With the domestic refrigerator (refer to Figure 4-2), the circulating LP vapour (5) is compressed (1) and then condensed in an air-cooled finned condenser (2). The liquid formed passes to a receiver from where it is forced through the piping to an expansion valve (3) where the pressure is reduced. This causes evaporation of the liquid in the icebox (4), creating low temperatures (-6°C).

This low temperature spreads throughout the rest of the fridge but due to leaks of heat into the system, the temperature in the rest of the fridge is above that of the icebox. The temperature within the fridge is controlled by an adjustable thermostat, which switches the compressor on (if temperature above set point) and off (if temperature below set point).

In the industrial refrigerator, the hot compressed gas is cooled and condensed in a water condenser. The liquid then passes via a reservoir to the expansion valve, which reduces the pressure.

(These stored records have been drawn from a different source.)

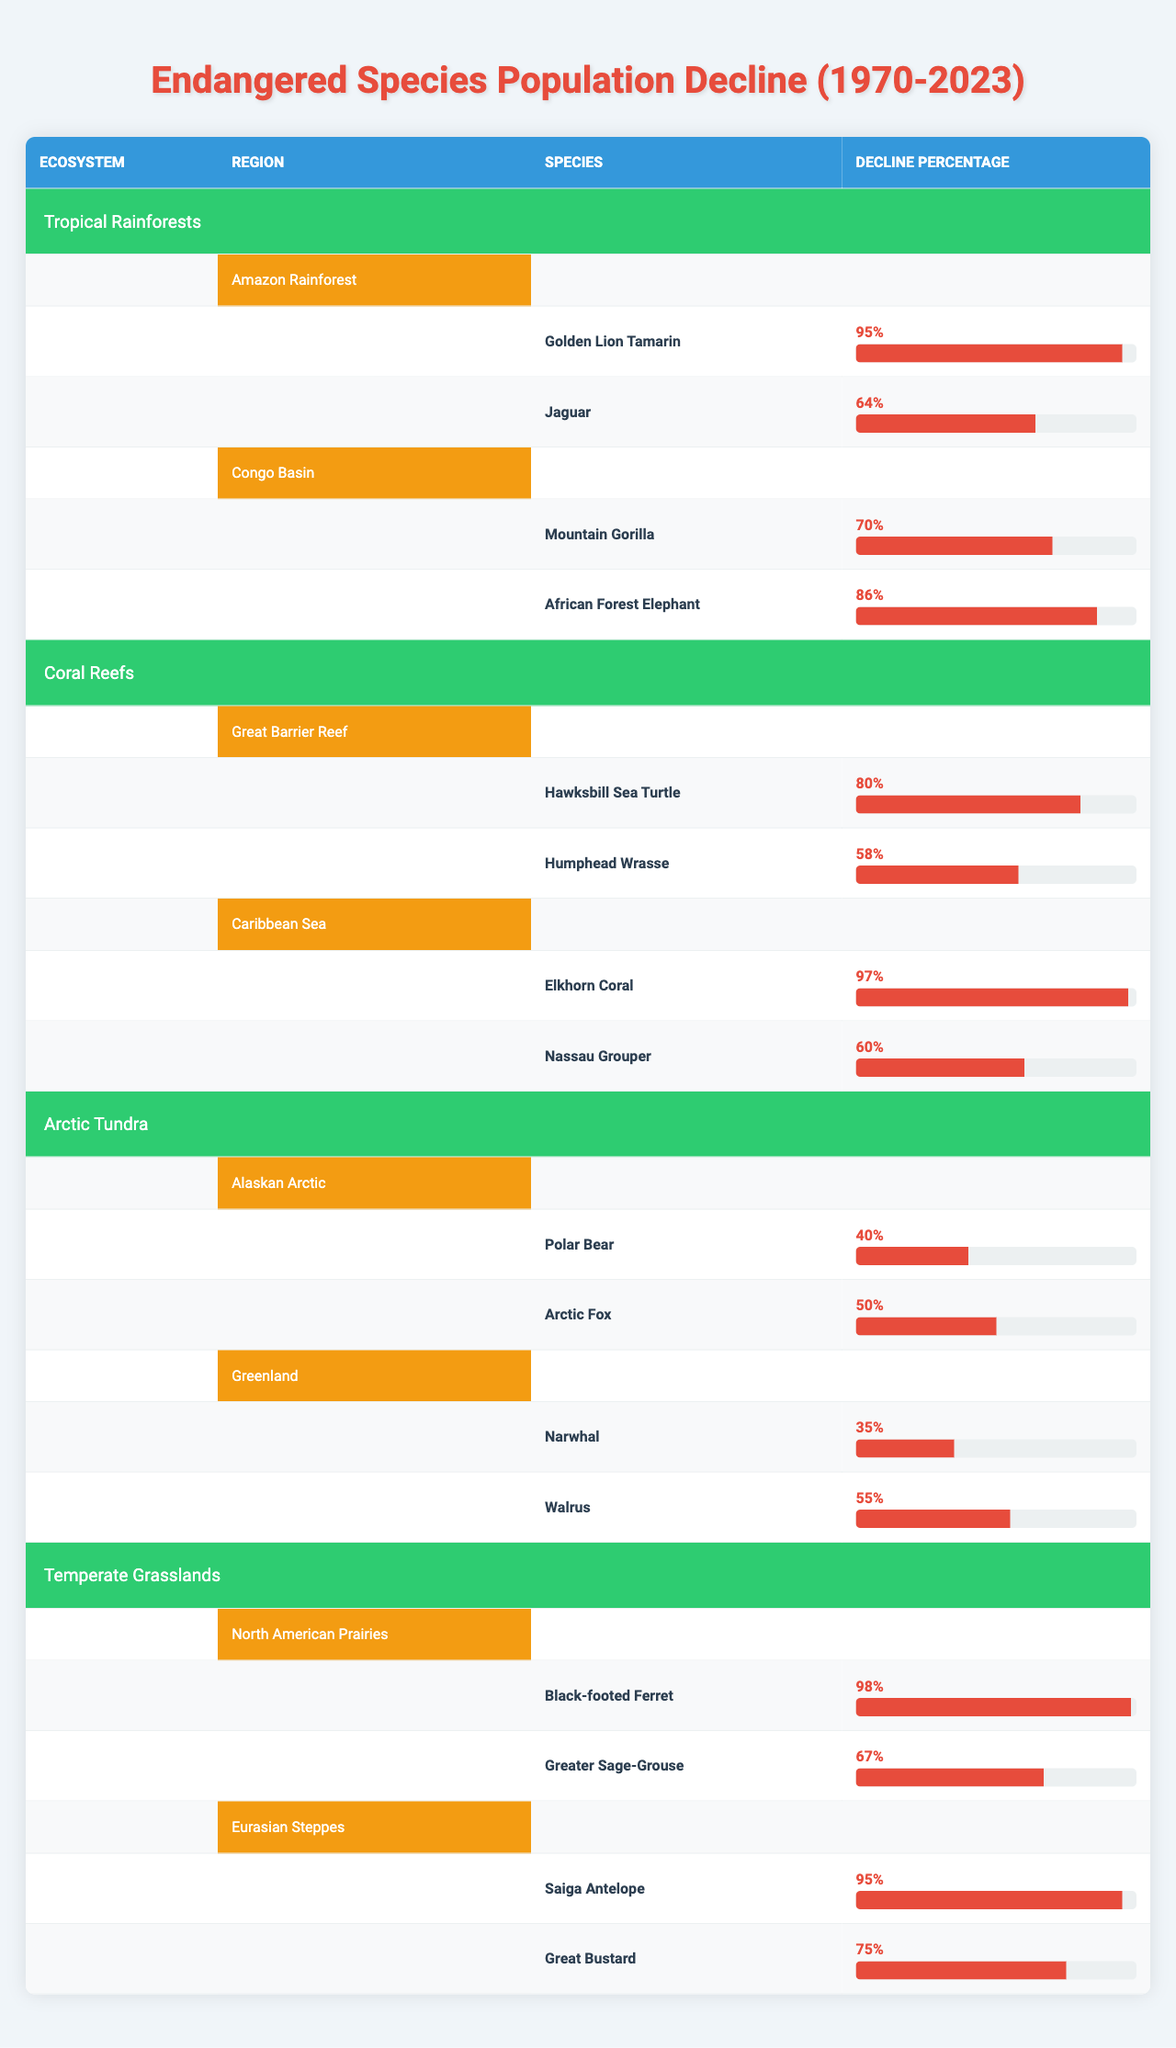What is the species with the highest population decline in Tropical Rainforests? The species with the highest population decline in Tropical Rainforests can be found by comparing the decline percentages of species in that ecosystem. The Golden Lion Tamarin has a decline of 95%, which is higher than the 64% decline of the Jaguar.
Answer: Golden Lion Tamarin Which ecosystem has the least species with a population decline over 50%? To determine which ecosystem has the least species with a decline over 50%, we can look through each ecosystem and count the species that have a decline percentage greater than 50%. The Arctic Tundra has only one species (the Polar Bear) below that threshold, making it the ecosystem with the least such species.
Answer: Arctic Tundra What is the average decline percentage of endangered species in Coral Reefs? The average decline percentage is calculated by taking the decline percentages of species in Coral Reefs (80%, 58%, 97%, and 60%), summing them up to get 295%, and dividing by the total number of species (4). So, 295% divided by 4 gives an average of 73.75%.
Answer: 73.75% Is the population decline of the Elkhorn Coral greater than that of any species in the Arctic Tundra? The Elkhorn Coral has a population decline of 97%. In the Arctic Tundra, the highest decline is 55% (Walrus), which is less than 97%. Therefore, yes, the population decline of the Elkhorn Coral is greater than that of any species in the Arctic Tundra.
Answer: Yes What is the total percentage decline of endangered species in Temperate Grasslands? To find the total decline percentage for Temperate Grasslands, we add the decline percentages of the Black-footed Ferret (98%) and Greater Sage-Grouse (67%), which gives us a total of 165%.
Answer: 165% Which region has the highest percentage of species decline and what is that percentage? We compare the highest decline percentages from all regions. The Caribbean Sea has the highest decline percentage with the Elkhorn Coral at 97%. This percentage is higher than any other region in the table.
Answer: 97% Which species have a population decline less than 60% in the Arctic Tundra? In the Arctic Tundra, the species with a decline below 60% are Narwhal (35%) and Polar Bear (40%). The Arctic Fox (50%) also falls under this category. Therefore, these three species have a decline of less than 60%.
Answer: Narwhal, Polar Bear, Arctic Fox What is the difference in decline percentage between the Mountain Gorilla and the African Forest Elephant? The decline percentage for the Mountain Gorilla is 70% and for the African Forest Elephant, it is 86%. The difference can be calculated by subtracting the Mountain Gorilla's decline from the African Forest Elephant's decline, which gives us 86% - 70% = 16%.
Answer: 16% How many species have a decline percentage of 60% or greater in the Amazon Rainforest? In the Amazon Rainforest, we check each species. The Golden Lion Tamarin has a decline of 95%, and the Jaguar has a decline of 64%. Both exceed 60%, hence there are two species with a decline of that magnitude.
Answer: 2 Which is the only species in the Arctic Tundra with a decline of 40% or greater? In the Arctic Tundra, we check the decline percentages. The Polar Bear has a 40% decline, and the Arctic Fox, with a decline of 50%, also qualifies. Therefore, there are two species: Polar Bear and Arctic Fox.
Answer: 2

The evaporating liquid creates cooling of a brine solution (the secondary refrigerant) surrounding the evaporator.

This cooled brine solution is then pumped through a system of pipes within the vessel to be cooled. This helps to spread the cold from a single point (the evaporator) throughout the whole of the vessel to be cooled. (This can be compared to a fire in one room trying to heat up a whole house compared to a central heating boiler in one room with pipes and radiators in other rooms). In this case the low temperature in the vessel is controlled by both the temperature in the evaporator and the rate of circulation of the brine.

4.6 Summary

The vapour compression refrigeration system consists of five stages:

a primary refrigerant gas is compressed by a compressor (usually of the reciprocating or centrifugal type). Any oil contamination of the primary refrigerant must be removed at this stage.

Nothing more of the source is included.